*** Opening Source data ***

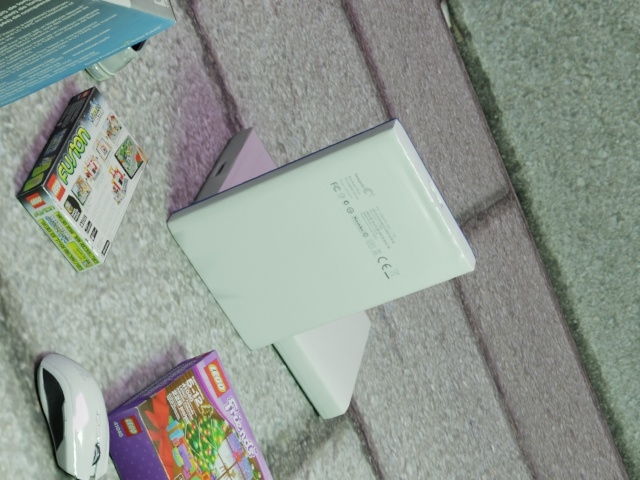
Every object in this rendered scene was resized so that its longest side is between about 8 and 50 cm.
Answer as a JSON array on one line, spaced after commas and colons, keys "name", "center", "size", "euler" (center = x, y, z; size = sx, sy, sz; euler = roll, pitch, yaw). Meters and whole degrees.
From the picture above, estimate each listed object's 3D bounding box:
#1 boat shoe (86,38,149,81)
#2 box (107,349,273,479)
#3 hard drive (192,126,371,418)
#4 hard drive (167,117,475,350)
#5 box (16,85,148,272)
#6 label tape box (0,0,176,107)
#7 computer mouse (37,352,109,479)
[{"name": "boat shoe", "center": [-0.233, -0.281, 1.626], "size": [0.079, 0.081, 0.227], "euler": [54, 28, -30]}, {"name": "box", "center": [-0.118, 0.287, 1.424], "size": [0.293, 0.057, 0.201], "euler": [66, 23, -5]}, {"name": "hard drive", "center": [-0.046, 0.043, 1.802], "size": [0.353, 0.047, 0.233], "euler": [58, 25, -21]}, {"name": "hard drive", "center": [0.000, 0.000, 1.591], "size": [0.210, 0.319, 0.040], "euler": [58, 25, -22]}, {"name": "box", "center": [-0.259, -0.071, 1.449], "size": [0.114, 0.036, 0.207], "euler": [56, 27, -27]}, {"name": "label tape box", "center": [-0.324, -0.219, 1.177], "size": [0.334, 0.241, 0.105], "euler": [-1, 72, -65]}, {"name": "computer mouse", "center": [-0.230, 0.198, 1.277], "size": [0.106, 0.042, 0.193], "euler": [5, 66, -63]}]
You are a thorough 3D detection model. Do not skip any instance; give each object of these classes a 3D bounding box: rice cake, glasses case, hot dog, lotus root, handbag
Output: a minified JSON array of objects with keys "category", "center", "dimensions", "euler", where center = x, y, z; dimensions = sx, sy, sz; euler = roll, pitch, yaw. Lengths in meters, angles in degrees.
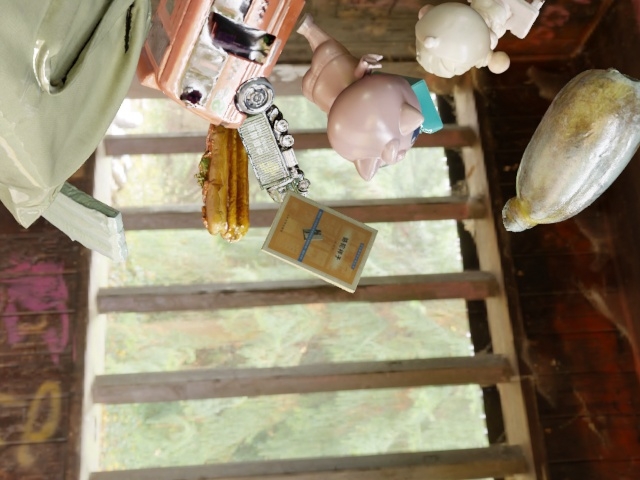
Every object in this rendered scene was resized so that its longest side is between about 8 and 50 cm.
[{"category":"rice cake","center":[-0.469,-0.052,1.320],"dimensions":[0.043,0.237,0.127],"euler":[-45,155,-39]},{"category":"glasses case","center":[0.173,-0.313,1.569],"dimensions":[0.117,0.070,0.301],"euler":[61,-6,-21]},{"category":"hot dog","center":[-0.262,-0.163,1.838],"dimensions":[0.158,0.117,0.348],"euler":[45,39,-67]},{"category":"lotus root","center":[0.407,-0.123,1.111],"dimensions":[0.140,0.158,0.322],"euler":[46,-52,31]},{"category":"handbag","center":[-0.225,-0.175,0.547],"dimensions":[0.316,0.109,0.253],"euler":[90,18,-67]}]

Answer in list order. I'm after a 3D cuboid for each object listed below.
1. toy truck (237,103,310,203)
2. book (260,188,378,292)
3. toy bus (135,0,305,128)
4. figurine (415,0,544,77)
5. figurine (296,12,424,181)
[{"category":"toy truck","center":[-0.116,-0.210,1.695],"dimensions":[0.088,0.121,0.259],"euler":[-116,-176,-58]},{"category":"book","center":[0.000,0.000,1.634],"dimensions":[0.018,0.242,0.170],"euler":[127,-14,-72]},{"category":"toy bus","center":[-0.156,-0.426,1.223],"dimensions":[0.427,0.233,0.203],"euler":[-58,-140,28]},{"category":"figurine","center":[0.267,-0.372,1.227],"dimensions":[0.182,0.257,0.144],"euler":[50,-29,-5]},{"category":"figurine","center":[0.063,-0.237,1.125],"dimensions":[0.287,0.186,0.176],"euler":[47,-59,29]}]
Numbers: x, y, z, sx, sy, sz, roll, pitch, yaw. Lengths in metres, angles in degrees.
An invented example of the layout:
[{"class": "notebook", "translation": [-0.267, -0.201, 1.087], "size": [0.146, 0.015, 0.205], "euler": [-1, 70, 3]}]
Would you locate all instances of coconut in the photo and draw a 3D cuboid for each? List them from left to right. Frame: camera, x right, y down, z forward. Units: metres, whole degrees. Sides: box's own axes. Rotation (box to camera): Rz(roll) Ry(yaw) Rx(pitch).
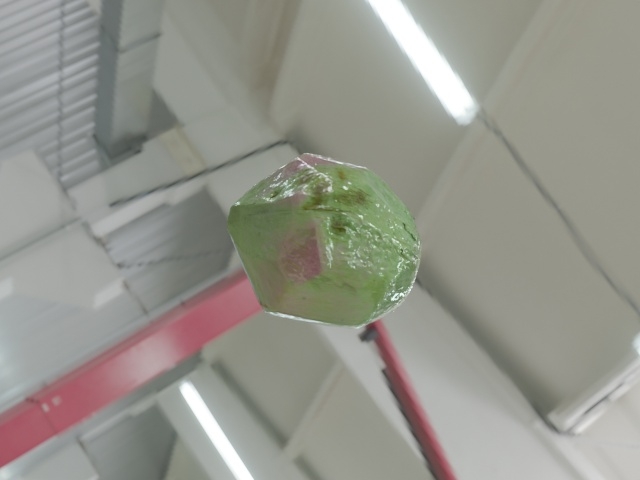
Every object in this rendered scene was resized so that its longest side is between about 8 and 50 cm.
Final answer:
[{"class": "coconut", "translation": [0.000, 0.000, 1.411], "size": [0.236, 0.236, 0.204], "euler": [55, -25, 8]}]
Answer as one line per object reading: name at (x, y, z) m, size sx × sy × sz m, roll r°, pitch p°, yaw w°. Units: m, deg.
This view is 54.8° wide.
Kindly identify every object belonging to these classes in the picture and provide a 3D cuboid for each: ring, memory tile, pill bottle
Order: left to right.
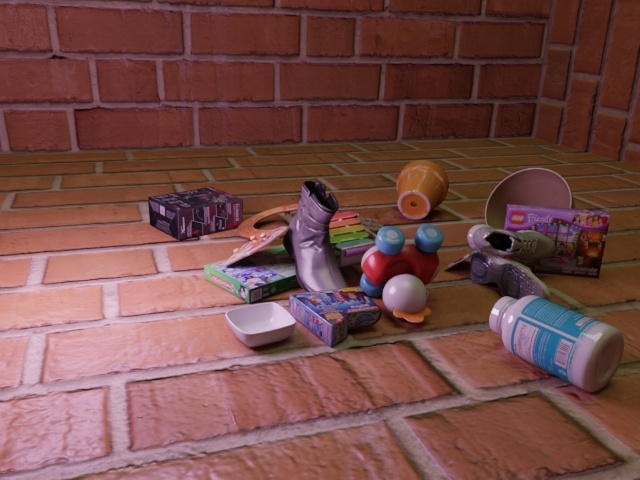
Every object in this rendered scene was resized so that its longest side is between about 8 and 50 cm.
ring at (-0.125, -0.064, 2.153) m, size 0.336 × 0.032 × 0.336 m, roll -12°, pitch 20°, yaw 4°
memory tile at (0.172, -0.056, 2.192) m, size 0.148 × 0.012 × 0.113 m, roll 7°, pitch 27°, yaw -41°
pill bottle at (0.503, 0.209, 1.347) m, size 0.146 × 0.146 × 0.264 m, roll -12°, pitch 24°, yaw -35°

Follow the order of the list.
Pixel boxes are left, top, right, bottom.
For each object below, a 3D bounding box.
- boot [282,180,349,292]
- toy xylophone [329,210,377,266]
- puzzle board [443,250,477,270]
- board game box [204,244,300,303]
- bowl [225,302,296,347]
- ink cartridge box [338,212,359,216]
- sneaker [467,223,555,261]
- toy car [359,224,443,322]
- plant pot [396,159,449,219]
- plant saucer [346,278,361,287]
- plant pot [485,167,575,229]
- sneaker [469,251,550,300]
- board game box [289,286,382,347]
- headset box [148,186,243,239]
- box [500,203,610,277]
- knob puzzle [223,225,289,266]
boot at (0.000, 0.000, 1.679) m, size 0.118 × 0.223 × 0.338 m, roll -5°, pitch 41°, yaw -33°
toy xylophone at (0.082, -0.015, 1.874) m, size 0.236 × 0.081 × 0.322 m, roll -15°, pitch 29°, yaw -27°
puzzle board at (0.445, 0.053, 1.903) m, size 0.128 × 0.011 × 0.096 m, roll -21°, pitch -11°, yaw -48°
board game box at (-0.144, 0.086, 1.790) m, size 0.317 × 0.046 × 0.213 m, roll -16°, pitch 25°, yaw -41°
bowl at (-0.142, 0.202, 1.450) m, size 0.142 × 0.053 × 0.142 m, roll -9°, pitch 23°, yaw -29°
ink cartridge box at (0.034, -0.055, 2.210) m, size 0.208 × 0.045 × 0.206 m, roll 4°, pitch 20°, yaw 3°
sneaker at (0.567, 0.015, 1.789) m, size 0.262 × 0.099 × 0.121 m, roll 6°, pitch 6°, yaw -8°
toy car at (0.230, 0.118, 1.590) m, size 0.210 × 0.219 × 0.238 m, roll -2°, pitch 49°, yaw -17°
plant pot at (0.386, -0.183, 2.416) m, size 0.205 × 0.205 × 0.188 m, roll 8°, pitch 35°, yaw 17°
plant saucer at (0.109, 0.130, 1.736) m, size 0.083 × 0.013 × 0.083 m, roll 2°, pitch 19°, yaw -1°
plant pot at (0.724, -0.074, 2.065) m, size 0.284 × 0.284 × 0.191 m, roll 23°, pitch -7°, yaw 46°
sneaker at (0.547, 0.100, 1.734) m, size 0.129 × 0.111 × 0.297 m, roll -1°, pitch 19°, yaw -22°
board game box at (0.042, 0.184, 1.506) m, size 0.194 × 0.060 × 0.194 m, roll -4°, pitch 21°, yaw -18°
headset box at (-0.433, -0.105, 2.212) m, size 0.293 × 0.110 × 0.218 m, roll -15°, pitch 26°, yaw -40°
box at (0.707, 0.001, 1.881) m, size 0.293 × 0.201 × 0.057 m, roll 4°, pitch 19°, yaw 8°
knob puzzle at (-0.177, -0.002, 1.776) m, size 0.213 × 0.030 × 0.213 m, roll -28°, pitch 10°, yaw 5°
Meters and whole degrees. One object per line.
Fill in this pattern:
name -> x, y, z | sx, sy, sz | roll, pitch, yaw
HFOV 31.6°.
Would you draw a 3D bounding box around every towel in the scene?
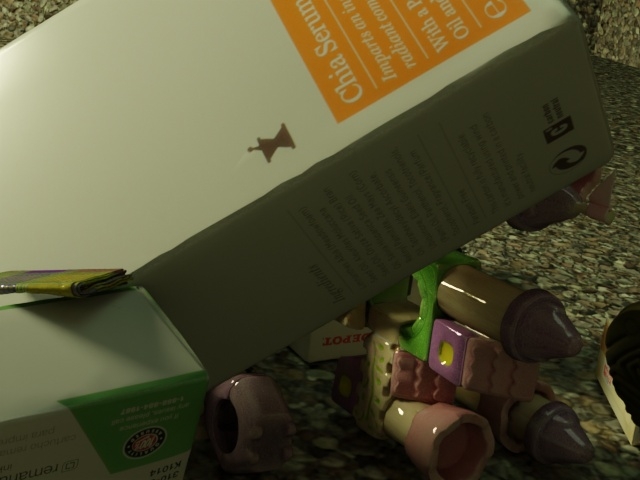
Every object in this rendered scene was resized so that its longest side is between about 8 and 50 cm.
towel -> -0.150, 0.024, 0.610 | 0.083, 0.010, 0.060 | -2, 7, 19

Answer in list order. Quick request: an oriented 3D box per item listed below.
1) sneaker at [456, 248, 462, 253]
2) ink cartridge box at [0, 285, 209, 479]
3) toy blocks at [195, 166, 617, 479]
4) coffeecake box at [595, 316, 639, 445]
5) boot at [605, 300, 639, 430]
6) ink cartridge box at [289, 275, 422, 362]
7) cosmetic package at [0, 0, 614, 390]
sneaker -> 0.000, 0.000, 1.271 | 0.340, 0.125, 0.139 | -5, 26, -24
ink cartridge box -> -0.166, 0.146, 0.609 | 0.160, 0.220, 0.092 | -9, 37, -36
toy blocks -> 0.093, 0.058, 0.858 | 0.308, 0.289, 0.260 | -3, 17, -32
coffeecake box -> 0.368, 0.136, 1.055 | 0.185, 0.068, 0.142 | 5, 20, -2
boot -> 0.362, 0.091, 0.906 | 0.269, 0.236, 0.089 | -37, 6, -38
ink cartridge box -> 0.041, 0.009, 1.129 | 0.148, 0.203, 0.086 | -5, 23, -29
cosmetic package -> -0.069, -0.058, 0.745 | 0.453, 0.161, 0.230 | -31, 57, 6
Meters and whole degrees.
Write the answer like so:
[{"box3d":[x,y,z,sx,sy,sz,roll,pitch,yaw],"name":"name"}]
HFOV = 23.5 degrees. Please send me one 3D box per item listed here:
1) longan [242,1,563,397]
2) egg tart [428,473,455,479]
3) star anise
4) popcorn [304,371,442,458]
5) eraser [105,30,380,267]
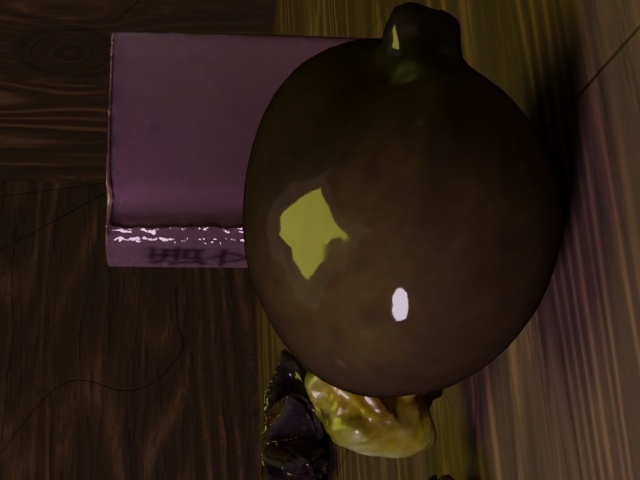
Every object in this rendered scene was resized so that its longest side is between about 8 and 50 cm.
[{"box3d":[0.065,-0.030,1.171,0.300,0.243,0.300,-7,82,63],"name":"longan"},{"box3d":[0.087,0.370,1.419,0.315,0.120,0.315,180,90,-83],"name":"egg tart"},{"box3d":[-0.042,0.349,2.557,0.332,0.117,0.332,2,-90,-88],"name":"star anise"},{"box3d":[0.067,0.042,1.446,0.225,0.173,0.286,115,156,-55],"name":"popcorn"},{"box3d":[-0.073,-0.107,1.831,0.122,0.359,0.272,104,165,-69],"name":"eraser"}]
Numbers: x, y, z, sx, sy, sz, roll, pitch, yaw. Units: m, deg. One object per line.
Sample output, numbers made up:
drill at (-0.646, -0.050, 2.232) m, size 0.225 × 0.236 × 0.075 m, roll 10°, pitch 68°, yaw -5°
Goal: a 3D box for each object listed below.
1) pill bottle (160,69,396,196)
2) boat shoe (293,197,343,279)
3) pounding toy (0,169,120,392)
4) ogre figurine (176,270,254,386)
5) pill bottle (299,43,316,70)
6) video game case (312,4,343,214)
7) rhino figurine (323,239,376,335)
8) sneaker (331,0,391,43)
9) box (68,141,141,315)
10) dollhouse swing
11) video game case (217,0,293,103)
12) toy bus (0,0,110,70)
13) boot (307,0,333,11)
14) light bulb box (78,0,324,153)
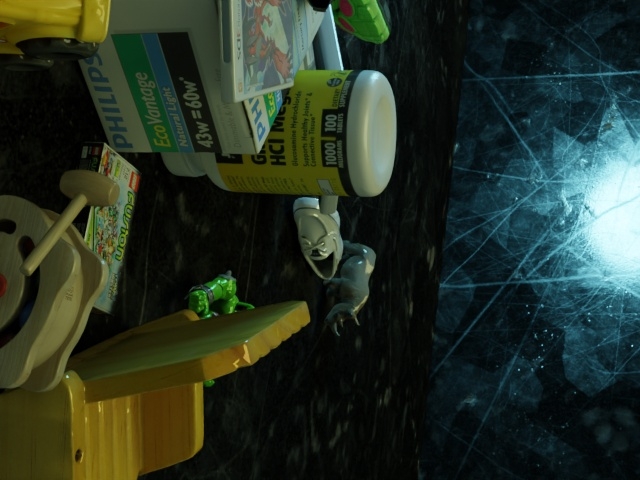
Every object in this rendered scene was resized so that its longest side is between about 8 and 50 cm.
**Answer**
pill bottle at (-0.066, -0.164, 1.573) m, size 0.188 × 0.334 × 0.188 m, roll 2°, pitch 90°, yaw -72°
boat shoe at (0.000, 0.000, 2.189) m, size 0.258 × 0.095 × 0.084 m, roll 60°, pitch 33°, yaw -57°
pounding toy at (-0.335, 0.031, 1.111) m, size 0.270 × 0.154 × 0.155 m, roll -66°, pitch 159°, yaw -4°
ogre figurine at (-0.171, 0.136, 1.688) m, size 0.118 × 0.096 × 0.197 m, roll -50°, pitch 130°, yaw -43°
pill bottle at (-0.080, -0.235, 1.798) m, size 0.161 × 0.161 × 0.283 m, roll -64°, pitch 152°, yaw -51°
video game case at (0.006, -0.267, 1.954) m, size 0.300 × 0.036 × 0.329 m, roll 98°, pitch -14°, yaw -55°
rhino figurine at (0.063, 0.108, 2.379) m, size 0.073 × 0.106 × 0.243 m, roll 65°, pitch 33°, yaw -54°
sneaker at (0.083, -0.588, 2.128) m, size 0.202 × 0.185 × 0.483 m, roll -51°, pitch 153°, yaw -18°
box at (-0.295, -0.014, 1.373) m, size 0.114 × 0.036 × 0.207 m, roll 46°, pitch 50°, yaw -67°
dollhouse swing at (-0.188, 0.243, 1.317) m, size 0.347 × 0.305 × 0.315 m, roll -26°, pitch 118°, yaw -71°
video game case at (-0.078, -0.273, 1.295) m, size 0.201 × 0.023 × 0.183 m, roll -37°, pitch 129°, yaw -67°
toy bus at (-0.339, -0.250, 1.018) m, size 0.211 × 0.220 × 0.149 m, roll -6°, pitch 93°, yaw -39°
boot at (0.007, -0.427, 1.438) m, size 0.106 × 0.082 × 0.219 m, roll -73°, pitch 160°, yaw -49°
light bulb box at (-0.168, -0.360, 1.403) m, size 0.361 × 0.225 × 0.358 m, roll -70°, pitch 156°, yaw -44°

*** Closing Source data ***

Exercise brief: Send back exactly the lines of the listing above starting at the one with "deg. One object per line." and ending at the one with "4) ogre figurine (176,270,254,386)", inclusive, and no others.

Completed exercise:
Numbers: x, y, z, sx, sy, sz, roll, pitch, yaw. Units: m, deg. One object per line.
Sample output, numbers made up:
drill at (-0.646, -0.050, 2.232) m, size 0.225 × 0.236 × 0.075 m, roll 10°, pitch 68°, yaw -5°
Goal: a 3D box for each object listed below.
1) pill bottle (160,69,396,196)
2) boat shoe (293,197,343,279)
3) pounding toy (0,169,120,392)
4) ogre figurine (176,270,254,386)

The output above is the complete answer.